The mission of the GEBN, per its website, is, “To connect and engage multi-disciplinary scientists and other experts around the globe dedicated to applying and advancing the science of energy balance to achieve healthier living.” The “science of energy balance” refers to the well-established fact that what you eat is only part of what determines your weight. The other part is how many calories you burn.

This message is particularly dangerous for the simple reason that it’s largely true, and on the surface it’s hard to find fault with a pro-exercise message. But the fact that gaps remain in our understanding of the relationship between diet, exercise and health does not mean we should alter the prevailing consensus about the dangers of soda. But that is what GEBN threatens to do; its message implies that if you do more exercise, you can enjoy more Coke.
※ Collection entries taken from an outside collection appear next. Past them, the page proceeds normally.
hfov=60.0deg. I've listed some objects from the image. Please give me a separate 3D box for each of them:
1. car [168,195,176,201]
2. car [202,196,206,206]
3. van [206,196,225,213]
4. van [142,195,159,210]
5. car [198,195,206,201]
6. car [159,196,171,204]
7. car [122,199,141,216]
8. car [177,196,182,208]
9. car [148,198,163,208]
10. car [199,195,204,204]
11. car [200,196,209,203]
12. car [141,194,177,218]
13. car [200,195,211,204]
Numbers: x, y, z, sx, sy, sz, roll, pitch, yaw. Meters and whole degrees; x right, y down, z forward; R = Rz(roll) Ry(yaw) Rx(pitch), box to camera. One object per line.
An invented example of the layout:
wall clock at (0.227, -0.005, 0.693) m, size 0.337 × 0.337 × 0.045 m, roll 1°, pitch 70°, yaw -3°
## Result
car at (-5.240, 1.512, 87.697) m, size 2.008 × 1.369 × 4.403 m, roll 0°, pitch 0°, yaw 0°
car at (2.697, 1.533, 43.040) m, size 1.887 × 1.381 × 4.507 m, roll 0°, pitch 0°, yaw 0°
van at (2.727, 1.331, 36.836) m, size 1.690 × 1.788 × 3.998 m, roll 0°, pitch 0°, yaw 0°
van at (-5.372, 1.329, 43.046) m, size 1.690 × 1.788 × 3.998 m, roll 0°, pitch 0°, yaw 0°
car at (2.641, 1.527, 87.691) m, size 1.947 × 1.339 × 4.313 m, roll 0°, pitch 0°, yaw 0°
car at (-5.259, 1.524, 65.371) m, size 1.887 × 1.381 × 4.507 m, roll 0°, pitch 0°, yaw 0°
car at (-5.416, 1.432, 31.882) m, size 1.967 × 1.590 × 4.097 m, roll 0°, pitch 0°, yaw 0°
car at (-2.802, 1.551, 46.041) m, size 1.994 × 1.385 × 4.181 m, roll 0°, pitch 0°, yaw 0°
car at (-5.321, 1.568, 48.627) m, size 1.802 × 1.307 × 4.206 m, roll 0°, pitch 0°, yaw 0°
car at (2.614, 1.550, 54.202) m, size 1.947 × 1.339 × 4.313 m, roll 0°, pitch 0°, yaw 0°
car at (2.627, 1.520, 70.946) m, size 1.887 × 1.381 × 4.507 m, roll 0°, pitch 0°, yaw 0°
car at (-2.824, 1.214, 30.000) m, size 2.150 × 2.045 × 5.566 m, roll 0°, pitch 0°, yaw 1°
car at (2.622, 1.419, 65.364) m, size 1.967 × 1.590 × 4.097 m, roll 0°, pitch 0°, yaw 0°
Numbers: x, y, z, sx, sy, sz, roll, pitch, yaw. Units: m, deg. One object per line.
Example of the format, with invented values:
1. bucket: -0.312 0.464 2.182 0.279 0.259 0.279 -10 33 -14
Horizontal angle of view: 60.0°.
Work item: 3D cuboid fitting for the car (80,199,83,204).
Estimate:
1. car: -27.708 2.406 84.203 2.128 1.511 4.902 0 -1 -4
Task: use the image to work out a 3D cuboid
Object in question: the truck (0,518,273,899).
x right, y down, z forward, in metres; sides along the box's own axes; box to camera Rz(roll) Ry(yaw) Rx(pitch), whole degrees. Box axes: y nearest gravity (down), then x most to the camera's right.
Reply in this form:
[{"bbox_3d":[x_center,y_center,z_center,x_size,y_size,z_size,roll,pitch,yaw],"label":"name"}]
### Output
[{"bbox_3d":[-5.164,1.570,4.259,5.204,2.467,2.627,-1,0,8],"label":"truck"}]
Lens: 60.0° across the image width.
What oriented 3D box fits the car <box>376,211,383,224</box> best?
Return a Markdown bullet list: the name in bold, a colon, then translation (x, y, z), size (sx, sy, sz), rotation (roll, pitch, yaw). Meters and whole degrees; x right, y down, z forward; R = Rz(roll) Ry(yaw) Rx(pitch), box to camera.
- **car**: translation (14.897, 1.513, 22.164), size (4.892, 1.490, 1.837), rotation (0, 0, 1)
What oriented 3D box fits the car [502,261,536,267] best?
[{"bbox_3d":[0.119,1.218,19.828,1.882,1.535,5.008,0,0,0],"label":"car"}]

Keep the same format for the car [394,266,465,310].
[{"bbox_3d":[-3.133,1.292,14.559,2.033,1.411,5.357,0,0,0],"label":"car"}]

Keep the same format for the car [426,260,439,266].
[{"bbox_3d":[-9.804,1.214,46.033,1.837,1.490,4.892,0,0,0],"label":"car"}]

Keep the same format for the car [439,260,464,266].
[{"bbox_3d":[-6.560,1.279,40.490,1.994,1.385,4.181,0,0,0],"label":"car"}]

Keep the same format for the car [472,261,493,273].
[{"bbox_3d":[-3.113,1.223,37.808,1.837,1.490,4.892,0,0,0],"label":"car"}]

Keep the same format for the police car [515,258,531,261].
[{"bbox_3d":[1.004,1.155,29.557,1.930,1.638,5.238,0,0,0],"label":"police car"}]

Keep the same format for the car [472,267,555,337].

But while exercise burns calories, it also increases appetite, which can lead to more eating, which can replace all of those burned calories. People who eat more sugar can become insulin-resistant, so their bodies make more insulin, which leads to more fat deposition. And foods that are high in fiber, like nuts, lead to less weight gain per calorie than foods with a similar amount of calories but less fiber, like, say, Coca Cola. While it is possible to outrun a bad diet, there is no question that it’s easier to manage your weight by focusing on what you eat. Much easier. But GEBN threatens to question this reality, just the same, by misdirecting the focus on obesity and related conditions away from diet and toward energy balance.